Information provided START

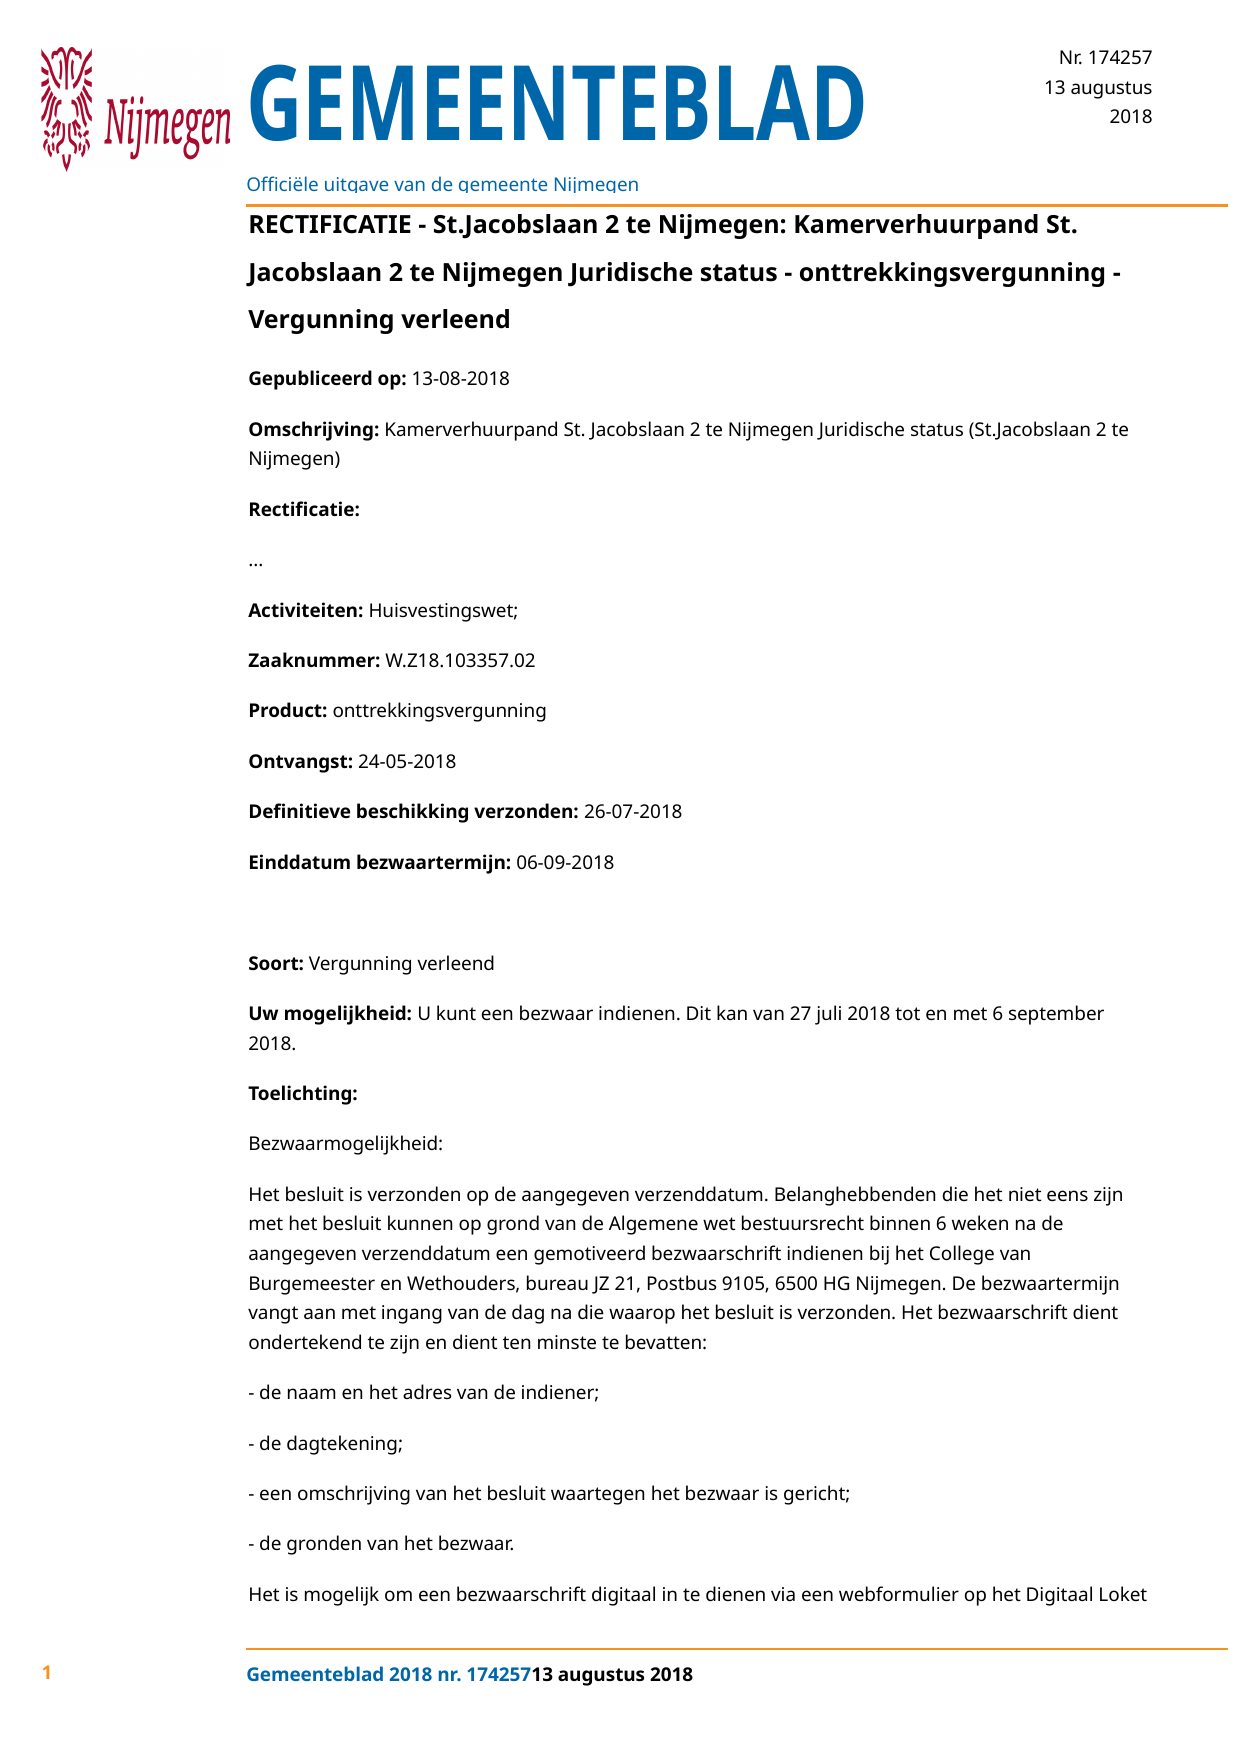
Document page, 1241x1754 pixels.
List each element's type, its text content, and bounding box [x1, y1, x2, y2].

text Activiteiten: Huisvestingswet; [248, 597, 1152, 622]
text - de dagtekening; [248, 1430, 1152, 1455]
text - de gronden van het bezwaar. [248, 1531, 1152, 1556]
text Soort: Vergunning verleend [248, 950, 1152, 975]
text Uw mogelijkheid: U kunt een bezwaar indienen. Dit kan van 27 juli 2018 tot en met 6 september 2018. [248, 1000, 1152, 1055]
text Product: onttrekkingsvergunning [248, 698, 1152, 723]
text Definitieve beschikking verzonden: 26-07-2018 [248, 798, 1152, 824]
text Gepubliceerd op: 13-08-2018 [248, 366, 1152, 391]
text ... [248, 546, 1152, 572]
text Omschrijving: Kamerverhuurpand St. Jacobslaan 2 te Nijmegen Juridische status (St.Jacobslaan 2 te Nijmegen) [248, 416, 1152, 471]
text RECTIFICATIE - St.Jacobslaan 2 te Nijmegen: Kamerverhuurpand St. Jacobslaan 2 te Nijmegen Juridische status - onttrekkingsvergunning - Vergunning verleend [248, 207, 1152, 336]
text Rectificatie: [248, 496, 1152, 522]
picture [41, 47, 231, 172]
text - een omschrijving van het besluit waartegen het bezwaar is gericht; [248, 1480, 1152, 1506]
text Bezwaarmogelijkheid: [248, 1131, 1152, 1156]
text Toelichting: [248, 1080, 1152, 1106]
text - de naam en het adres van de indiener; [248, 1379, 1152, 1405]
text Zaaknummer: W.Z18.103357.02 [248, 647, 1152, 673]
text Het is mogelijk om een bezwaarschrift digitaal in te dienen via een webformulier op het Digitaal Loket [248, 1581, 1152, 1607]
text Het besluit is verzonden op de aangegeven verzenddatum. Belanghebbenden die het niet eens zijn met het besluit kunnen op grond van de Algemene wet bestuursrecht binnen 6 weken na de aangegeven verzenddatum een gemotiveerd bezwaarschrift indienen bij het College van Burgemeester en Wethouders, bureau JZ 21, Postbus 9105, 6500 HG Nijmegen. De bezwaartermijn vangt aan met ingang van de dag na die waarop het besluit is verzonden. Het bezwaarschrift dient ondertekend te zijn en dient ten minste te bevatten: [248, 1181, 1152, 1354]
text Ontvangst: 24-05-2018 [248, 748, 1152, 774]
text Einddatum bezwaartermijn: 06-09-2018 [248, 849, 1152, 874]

Information provided END
Information provided START

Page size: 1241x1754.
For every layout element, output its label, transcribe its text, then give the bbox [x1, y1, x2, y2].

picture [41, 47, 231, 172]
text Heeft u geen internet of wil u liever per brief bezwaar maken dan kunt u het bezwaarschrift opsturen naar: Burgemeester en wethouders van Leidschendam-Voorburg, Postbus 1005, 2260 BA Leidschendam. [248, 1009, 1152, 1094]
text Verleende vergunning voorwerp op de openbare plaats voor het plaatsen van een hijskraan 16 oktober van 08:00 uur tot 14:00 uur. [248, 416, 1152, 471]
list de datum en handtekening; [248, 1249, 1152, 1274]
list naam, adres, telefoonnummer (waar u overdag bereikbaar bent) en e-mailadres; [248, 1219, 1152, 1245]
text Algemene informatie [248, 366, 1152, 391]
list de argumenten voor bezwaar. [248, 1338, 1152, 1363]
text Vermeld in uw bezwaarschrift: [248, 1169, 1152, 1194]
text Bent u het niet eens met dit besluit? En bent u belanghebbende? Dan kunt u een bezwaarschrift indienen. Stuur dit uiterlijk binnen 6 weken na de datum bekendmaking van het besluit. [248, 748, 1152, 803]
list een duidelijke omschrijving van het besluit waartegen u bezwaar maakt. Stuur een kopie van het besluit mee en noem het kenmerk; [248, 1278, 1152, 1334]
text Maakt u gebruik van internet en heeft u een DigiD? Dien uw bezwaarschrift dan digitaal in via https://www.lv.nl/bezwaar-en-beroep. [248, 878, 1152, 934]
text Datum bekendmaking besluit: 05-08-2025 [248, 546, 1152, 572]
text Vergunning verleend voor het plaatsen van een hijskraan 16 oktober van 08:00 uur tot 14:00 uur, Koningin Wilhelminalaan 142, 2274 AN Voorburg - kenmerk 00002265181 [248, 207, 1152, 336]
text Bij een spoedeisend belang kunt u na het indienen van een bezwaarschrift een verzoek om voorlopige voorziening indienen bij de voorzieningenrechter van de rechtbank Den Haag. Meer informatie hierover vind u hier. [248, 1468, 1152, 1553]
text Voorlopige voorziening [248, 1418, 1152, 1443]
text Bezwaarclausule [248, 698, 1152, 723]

Information provided END
Information provided START

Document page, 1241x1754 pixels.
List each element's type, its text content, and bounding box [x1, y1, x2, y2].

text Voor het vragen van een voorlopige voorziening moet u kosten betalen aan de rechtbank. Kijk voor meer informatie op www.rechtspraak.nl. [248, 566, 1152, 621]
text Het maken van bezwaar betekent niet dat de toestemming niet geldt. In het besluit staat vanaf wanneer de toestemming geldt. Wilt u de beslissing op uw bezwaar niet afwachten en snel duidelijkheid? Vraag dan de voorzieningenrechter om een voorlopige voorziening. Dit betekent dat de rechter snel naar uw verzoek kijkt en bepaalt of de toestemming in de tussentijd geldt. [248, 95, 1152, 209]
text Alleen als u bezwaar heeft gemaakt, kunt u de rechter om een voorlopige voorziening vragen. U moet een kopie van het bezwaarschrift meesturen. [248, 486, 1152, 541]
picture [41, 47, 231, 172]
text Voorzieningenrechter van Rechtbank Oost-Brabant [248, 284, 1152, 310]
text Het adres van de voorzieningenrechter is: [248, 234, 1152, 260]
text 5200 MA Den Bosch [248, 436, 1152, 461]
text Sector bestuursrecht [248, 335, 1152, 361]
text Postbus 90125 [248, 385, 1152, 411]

Information provided END

● Activity: Each line of the data above that contains "adres" counts once; report the total alone.

● Your response: 3